Using the material below, set down only the line containing "Reply with semicolon-separated" and the lines after it, unchanged.

Stored data

^^^^

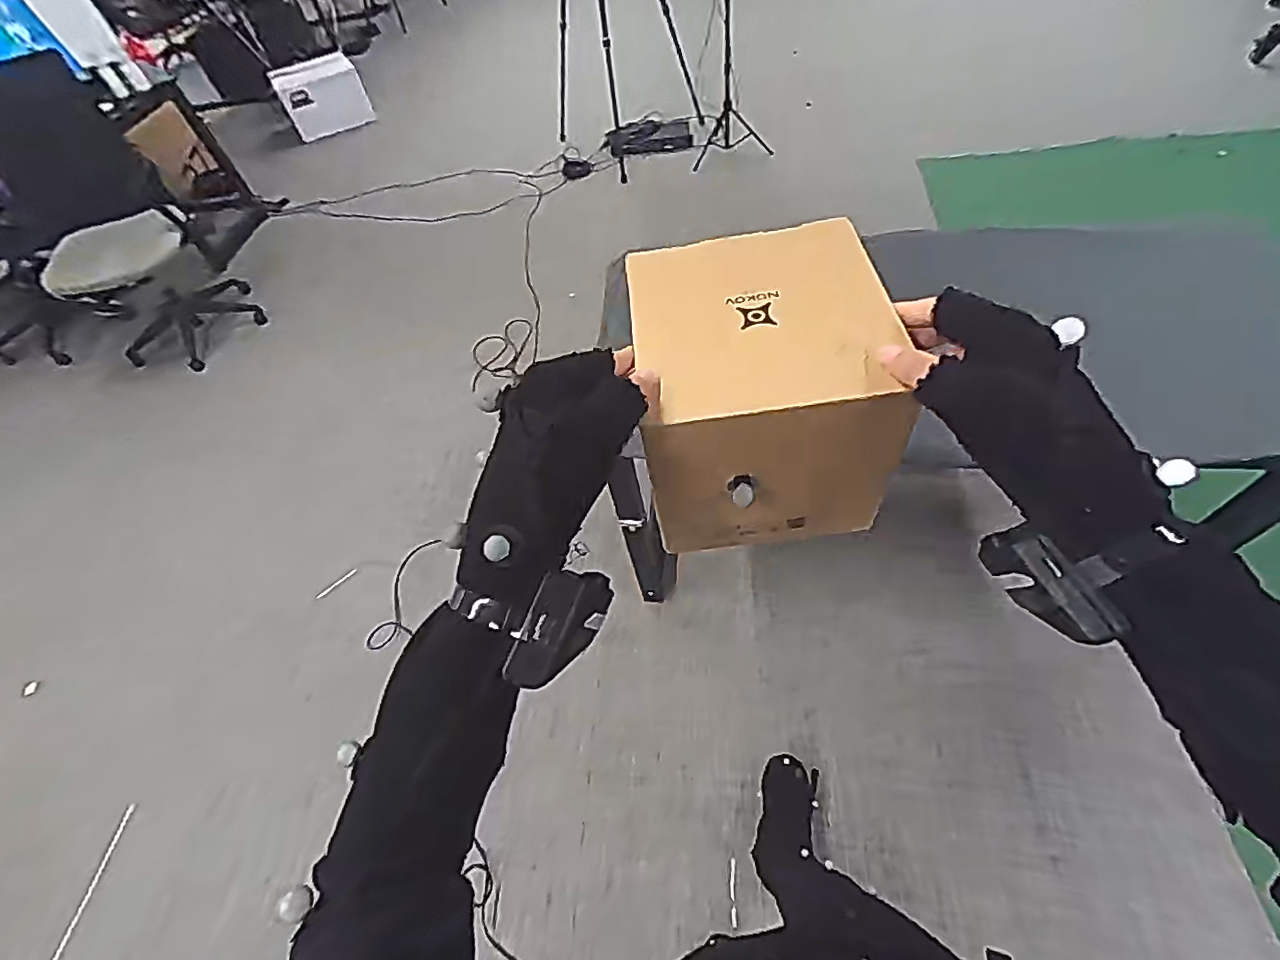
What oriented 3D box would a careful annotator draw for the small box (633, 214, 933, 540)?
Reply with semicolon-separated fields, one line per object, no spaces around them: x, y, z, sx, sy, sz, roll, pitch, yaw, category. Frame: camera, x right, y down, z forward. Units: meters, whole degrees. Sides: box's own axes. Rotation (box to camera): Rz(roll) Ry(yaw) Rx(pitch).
0.091;-0.066;0.415;0.168;0.176;0.179;-8;54;5;small box

^^^^

Answer section
Reply with semicolon-separated fields, one line per object, no spaces around them: x, y, z, sx, sy, sz, roll, pitch, yaw, category. Frame: camera, x right, y down, z forward. Units: meters, whole degrees. Sides: box's own axes. Rotation (box to camera): Rz(roll) Ry(yaw) Rx(pitch).
0.091;-0.066;0.415;0.168;0.176;0.179;-8;54;5;small box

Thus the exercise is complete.